In conclusion, the ECS is overactivated in arterial, pulmonary and portal hypertension. It is not clear, however, whether these changes are protective or detrimental, as cannabinoids exert pleiotropic effects on the cardiovascular system via numerous central and peripheral mechanisms, in both normotension and in hypertension. In addition, vasodilatation of the mesenteric vascular bed is protective in arterial, and detrimental in portal hypertension. Thus, as shown in Figure 2, the activation of central and peripheral CB1 receptors leads mainly to an increase and decrease in arterial BP respectively. Effects on BP might be connected with a central and peripheral modification of sympathetic tone, cardiac contractility and vascular diameter. One should keep in mind that eCBs can cause vasodilatation directly and vasoconstriction via formation of metabolites (PGs). This is one of the reasons for the different results obtained in vitro in isolated vessels and in perfused vascular beds (e.g. in lungs). The final results are additionally dependent on the model of hypertension, age, sex and the cannabinoid ligands used. Importantly, chronic experiments have cast doubt on the promising suggestion derived from acute experiments that targeting the ECS offers novel therapeutic strategies in the treatment of hypertension. Additional factors responsible for the modification of BP in chronic experiments include the increase and decrease of inflammatory, oxidative and fibrogenic effects mediated by CB1 receptors and CB2 receptors respectively. Interestingly, there is evidence that the ECS is influenced by some dietary factors such as β‐caryophyllene and particular flavonoids (see Sharma et al., 2016). Thus, more experimental and clinical studies are needed to clarify the role of eCBs in different types of hypertension. Further therapeutic research should focus on the investigation of chronic effects of non‐psychotic cannabinoids, such as CBD, peripherally restricted CB receptor ligands and their interaction with food or antihypertensive drugs targeting the RAS. This is important not only with respect to the search for new therapeutic strategies, but also in the context of cardiovascular effects of cannabinoids and the steadily increasing legalization of cannabis use for recreational and medical purposes.

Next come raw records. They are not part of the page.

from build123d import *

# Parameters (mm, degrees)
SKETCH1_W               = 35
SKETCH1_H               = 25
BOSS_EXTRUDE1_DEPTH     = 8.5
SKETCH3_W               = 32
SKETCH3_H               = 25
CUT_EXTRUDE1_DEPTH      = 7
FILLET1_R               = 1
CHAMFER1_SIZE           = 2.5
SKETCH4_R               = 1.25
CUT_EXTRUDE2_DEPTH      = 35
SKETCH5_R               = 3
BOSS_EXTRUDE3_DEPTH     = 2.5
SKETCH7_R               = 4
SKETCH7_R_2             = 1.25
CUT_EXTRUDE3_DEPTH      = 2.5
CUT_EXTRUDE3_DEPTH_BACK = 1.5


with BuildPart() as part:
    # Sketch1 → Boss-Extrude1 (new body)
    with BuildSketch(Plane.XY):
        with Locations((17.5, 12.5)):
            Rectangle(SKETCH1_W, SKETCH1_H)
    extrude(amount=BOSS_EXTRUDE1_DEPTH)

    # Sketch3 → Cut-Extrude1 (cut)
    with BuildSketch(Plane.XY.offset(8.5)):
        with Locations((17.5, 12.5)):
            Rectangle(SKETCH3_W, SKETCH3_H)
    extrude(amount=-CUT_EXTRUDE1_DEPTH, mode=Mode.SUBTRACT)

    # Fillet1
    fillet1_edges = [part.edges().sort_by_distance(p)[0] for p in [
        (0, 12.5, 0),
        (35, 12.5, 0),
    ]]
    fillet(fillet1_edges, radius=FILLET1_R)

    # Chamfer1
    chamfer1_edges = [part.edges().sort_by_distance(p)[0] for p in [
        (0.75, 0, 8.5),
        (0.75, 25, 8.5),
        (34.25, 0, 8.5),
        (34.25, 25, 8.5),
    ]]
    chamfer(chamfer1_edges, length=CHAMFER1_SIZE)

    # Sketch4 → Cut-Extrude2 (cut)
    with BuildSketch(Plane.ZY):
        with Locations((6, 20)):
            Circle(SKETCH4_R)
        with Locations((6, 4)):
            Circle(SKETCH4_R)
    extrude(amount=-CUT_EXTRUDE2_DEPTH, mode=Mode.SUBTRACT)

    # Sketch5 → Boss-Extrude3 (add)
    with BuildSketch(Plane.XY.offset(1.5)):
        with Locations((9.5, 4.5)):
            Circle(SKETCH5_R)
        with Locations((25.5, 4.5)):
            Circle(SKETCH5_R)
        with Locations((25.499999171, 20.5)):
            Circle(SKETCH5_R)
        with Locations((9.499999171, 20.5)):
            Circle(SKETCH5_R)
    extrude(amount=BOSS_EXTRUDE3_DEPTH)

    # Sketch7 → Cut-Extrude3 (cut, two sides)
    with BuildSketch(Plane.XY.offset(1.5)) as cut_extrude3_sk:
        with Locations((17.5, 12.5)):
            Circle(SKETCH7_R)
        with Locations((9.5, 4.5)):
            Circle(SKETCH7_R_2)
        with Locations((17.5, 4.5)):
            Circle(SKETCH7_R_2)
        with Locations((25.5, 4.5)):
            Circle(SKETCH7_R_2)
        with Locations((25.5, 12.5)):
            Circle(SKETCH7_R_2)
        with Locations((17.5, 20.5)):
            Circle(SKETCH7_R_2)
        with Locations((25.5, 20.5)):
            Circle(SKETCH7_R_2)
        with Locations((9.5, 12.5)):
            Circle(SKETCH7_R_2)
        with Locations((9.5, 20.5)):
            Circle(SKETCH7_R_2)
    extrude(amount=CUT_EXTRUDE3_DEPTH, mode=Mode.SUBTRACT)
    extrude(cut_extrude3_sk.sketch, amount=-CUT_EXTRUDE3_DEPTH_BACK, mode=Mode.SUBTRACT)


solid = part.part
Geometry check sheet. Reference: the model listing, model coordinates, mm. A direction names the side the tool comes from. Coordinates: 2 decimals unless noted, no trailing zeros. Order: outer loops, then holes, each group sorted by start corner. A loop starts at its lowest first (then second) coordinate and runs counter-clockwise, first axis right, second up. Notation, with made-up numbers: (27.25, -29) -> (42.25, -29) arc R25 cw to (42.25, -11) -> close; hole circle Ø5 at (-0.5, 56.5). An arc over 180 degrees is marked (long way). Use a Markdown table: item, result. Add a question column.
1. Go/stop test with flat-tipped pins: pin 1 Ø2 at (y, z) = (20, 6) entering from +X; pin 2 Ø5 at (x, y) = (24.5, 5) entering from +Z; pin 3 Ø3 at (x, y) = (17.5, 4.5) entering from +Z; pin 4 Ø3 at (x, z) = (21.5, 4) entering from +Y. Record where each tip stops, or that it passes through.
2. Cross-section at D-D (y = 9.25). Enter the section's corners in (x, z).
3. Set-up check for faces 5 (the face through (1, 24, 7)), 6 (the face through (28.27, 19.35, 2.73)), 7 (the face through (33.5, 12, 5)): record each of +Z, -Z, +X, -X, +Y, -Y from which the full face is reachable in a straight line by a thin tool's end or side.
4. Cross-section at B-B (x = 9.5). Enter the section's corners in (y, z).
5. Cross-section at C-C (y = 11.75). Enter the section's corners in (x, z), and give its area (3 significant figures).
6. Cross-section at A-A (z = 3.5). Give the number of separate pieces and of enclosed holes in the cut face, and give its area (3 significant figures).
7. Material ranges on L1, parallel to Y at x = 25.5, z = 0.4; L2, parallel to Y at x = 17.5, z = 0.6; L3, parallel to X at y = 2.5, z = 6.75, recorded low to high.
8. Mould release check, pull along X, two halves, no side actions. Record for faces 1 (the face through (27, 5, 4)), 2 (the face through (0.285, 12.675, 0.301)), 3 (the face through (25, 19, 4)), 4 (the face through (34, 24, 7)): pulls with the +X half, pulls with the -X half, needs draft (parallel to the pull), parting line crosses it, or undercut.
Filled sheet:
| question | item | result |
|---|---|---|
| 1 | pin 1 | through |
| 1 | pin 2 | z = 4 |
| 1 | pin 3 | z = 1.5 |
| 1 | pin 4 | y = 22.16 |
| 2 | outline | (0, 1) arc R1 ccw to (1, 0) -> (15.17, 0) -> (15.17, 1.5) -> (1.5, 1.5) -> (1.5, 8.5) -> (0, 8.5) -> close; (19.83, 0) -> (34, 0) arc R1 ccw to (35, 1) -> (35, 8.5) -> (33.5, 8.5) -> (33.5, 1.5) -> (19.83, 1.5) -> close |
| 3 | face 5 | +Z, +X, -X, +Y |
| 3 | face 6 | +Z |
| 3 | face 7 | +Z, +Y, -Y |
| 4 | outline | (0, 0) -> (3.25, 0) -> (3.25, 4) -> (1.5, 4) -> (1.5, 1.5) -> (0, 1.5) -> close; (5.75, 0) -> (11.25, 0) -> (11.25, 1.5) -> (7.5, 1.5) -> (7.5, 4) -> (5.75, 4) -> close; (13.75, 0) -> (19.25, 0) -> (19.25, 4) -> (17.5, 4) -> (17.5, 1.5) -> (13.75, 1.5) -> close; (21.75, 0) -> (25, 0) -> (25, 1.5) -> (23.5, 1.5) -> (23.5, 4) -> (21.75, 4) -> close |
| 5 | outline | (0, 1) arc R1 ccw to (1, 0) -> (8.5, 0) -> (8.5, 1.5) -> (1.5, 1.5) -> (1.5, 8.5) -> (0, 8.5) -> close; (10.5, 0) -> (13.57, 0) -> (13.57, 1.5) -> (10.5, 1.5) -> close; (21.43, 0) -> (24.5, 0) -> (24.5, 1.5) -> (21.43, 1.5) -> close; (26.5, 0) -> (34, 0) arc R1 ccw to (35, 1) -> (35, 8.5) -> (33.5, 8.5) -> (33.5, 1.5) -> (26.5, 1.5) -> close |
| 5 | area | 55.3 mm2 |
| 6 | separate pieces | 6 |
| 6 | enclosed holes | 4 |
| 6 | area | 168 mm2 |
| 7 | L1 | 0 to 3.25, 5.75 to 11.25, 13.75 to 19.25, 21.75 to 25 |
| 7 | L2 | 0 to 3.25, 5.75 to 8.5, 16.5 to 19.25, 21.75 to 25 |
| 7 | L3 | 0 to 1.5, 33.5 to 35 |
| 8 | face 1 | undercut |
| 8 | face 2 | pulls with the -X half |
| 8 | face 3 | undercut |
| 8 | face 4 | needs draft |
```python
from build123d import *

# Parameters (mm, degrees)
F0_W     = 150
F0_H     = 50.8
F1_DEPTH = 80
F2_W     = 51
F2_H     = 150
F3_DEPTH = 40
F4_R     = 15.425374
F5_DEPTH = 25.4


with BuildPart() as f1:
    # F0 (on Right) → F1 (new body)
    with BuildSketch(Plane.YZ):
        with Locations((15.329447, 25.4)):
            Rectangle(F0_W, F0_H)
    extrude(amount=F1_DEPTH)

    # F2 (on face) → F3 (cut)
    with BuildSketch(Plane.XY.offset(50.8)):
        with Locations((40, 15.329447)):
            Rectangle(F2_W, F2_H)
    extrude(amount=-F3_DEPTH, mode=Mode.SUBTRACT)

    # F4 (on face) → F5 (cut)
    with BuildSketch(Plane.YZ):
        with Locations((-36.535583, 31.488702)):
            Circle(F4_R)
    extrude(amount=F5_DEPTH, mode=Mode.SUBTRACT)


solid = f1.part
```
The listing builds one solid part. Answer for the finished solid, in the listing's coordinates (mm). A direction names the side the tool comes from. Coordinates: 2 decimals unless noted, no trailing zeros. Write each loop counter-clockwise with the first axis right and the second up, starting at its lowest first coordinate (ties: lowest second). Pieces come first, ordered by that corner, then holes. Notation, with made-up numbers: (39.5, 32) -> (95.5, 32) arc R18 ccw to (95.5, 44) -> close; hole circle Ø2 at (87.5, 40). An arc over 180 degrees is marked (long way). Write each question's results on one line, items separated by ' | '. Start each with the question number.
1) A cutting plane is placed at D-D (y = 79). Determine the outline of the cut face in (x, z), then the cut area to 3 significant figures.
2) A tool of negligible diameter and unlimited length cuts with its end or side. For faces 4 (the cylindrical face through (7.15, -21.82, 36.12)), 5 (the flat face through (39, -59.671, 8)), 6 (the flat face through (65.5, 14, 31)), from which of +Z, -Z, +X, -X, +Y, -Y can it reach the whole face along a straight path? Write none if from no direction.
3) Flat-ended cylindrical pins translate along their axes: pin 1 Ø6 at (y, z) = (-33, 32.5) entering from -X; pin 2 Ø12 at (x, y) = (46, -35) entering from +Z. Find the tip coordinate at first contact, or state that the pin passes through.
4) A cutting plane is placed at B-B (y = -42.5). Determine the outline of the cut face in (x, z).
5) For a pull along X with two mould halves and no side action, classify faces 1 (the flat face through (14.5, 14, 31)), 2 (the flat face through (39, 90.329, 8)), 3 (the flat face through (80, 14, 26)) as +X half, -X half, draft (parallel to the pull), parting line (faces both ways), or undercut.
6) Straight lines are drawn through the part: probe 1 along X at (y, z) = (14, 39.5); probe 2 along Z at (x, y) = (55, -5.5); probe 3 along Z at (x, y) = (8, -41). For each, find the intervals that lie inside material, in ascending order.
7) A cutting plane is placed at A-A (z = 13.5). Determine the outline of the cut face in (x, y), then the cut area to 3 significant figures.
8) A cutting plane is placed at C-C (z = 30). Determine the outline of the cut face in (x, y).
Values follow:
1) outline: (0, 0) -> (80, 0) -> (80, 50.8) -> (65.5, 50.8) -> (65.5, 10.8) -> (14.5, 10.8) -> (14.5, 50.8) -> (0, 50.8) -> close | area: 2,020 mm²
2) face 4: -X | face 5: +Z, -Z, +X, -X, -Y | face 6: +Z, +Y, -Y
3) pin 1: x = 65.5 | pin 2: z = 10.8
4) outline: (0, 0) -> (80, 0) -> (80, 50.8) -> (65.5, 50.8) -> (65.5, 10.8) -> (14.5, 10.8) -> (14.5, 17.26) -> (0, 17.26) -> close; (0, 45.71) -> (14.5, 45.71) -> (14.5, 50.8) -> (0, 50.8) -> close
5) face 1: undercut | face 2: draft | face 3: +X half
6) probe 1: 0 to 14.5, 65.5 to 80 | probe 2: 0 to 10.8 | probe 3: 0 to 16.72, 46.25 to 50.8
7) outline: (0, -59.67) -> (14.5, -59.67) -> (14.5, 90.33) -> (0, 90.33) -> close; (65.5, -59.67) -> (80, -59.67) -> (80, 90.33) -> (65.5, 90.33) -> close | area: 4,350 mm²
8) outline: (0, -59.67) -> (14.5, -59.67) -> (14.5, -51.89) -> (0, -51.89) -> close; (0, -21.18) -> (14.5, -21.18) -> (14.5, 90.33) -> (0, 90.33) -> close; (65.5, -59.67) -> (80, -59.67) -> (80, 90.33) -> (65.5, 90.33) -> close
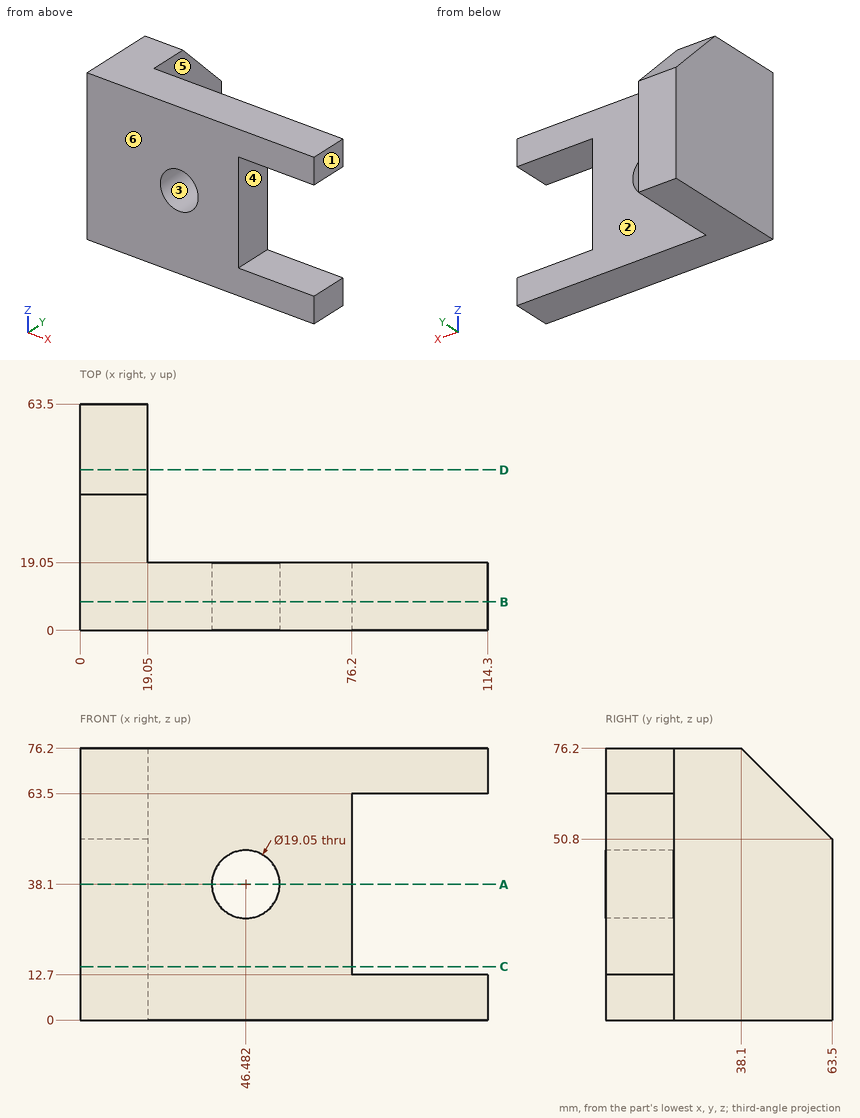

Nomenclature of targets and ligands

Key protein targets and ligands in this article are hyperlinked to corresponding entries in http://www.guidetopharmacology.org, the common portal for data from the IUPHAR/BPS Guide to PHARMACOLOGY (Harding et al., 2018), and are permanently archived in the Concise Guide to PHARMACOLOGY 2017/18 (Alexander et al., 2017a,b,c).

Conflict of interest

The authors declare no conflicts of interest.